SEC proposes rise in cash limits for JOBS Act public offerings

Proposal would allow companies to raise $50 mn without state review or public disclosure

The SEC has voted unanimously to propose a 10-fold increase in the amount of money companies can raise in simplified public offerings.

The commission has proposed increasing to $50 mn from $5 mn the amount companies can raise under the JOBS Act, which allows IPOs with fewer disclosure requirements. The proposal also exempts the offerings from state oversight.

‘This proposal is intended to help increase the access of smaller companies to capital,’ says SEC chair Mary Jo White in a press release. ‘In shaping this proposal, we sought to develop an effective, workable path to raising capital that, very importantly, also builds in necessary investor protections.’

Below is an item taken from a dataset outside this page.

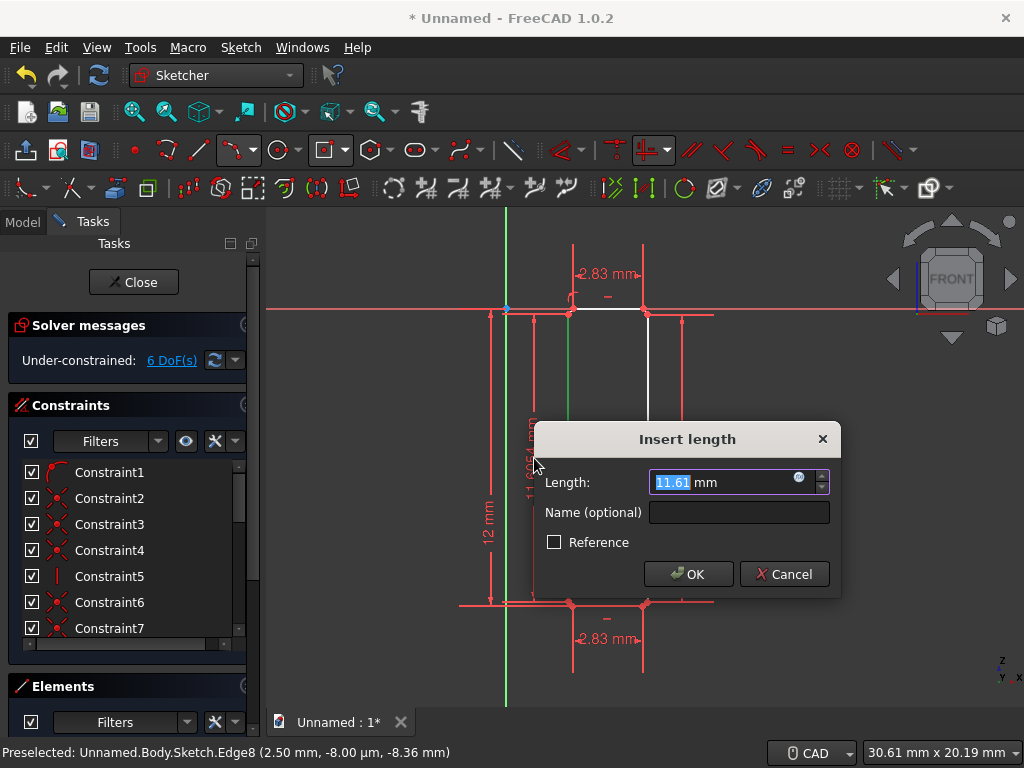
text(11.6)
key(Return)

But the North American Securities Administrators Association, which represents state regulators that will no longer be able to review the offerings, says the proposal will further hamper control of fraudulent offerings. ‘It is not clear why the commission would remove state oversight in a high-risk area where both federal and state resources should be fully leveraged to provide sufficient, regular review,’ says Andrea Seidt, president of the association, in a press statement. ‘It is not reasonable for the commission to expect the states to continue to clean up the mess left behind in the wake of pre-emptive measures like this.’

The SEC proposal, which is now open to a 60-day public comment period, would also create two tiers: under tier one, which applies to all offerings of $5 mn or under, companies would be subjected to non-public SEC reviews of offering statements. They would also be allowed to undertake a ‘testing the waters’ process of soliciting interest both before and after the filing.

Tier two, which includes additional requirements for companies raising more than $5 mn but no more than $50 mn, calls for mandatory audits of financial statements including in the offering circular. It also requires companies to file regular updates and current event reports that are ‘similar to the requirements for public company reporting’.

Investors in tier two companies would be prohibited from buying more than the equivalent of 10 percent of their annual income or net worth. Companies that seek to merge with an unidentified company, are already reporting under SEC regulations or seeking to sell asset-backed securities in oil, gas or mineral rights are not eligible.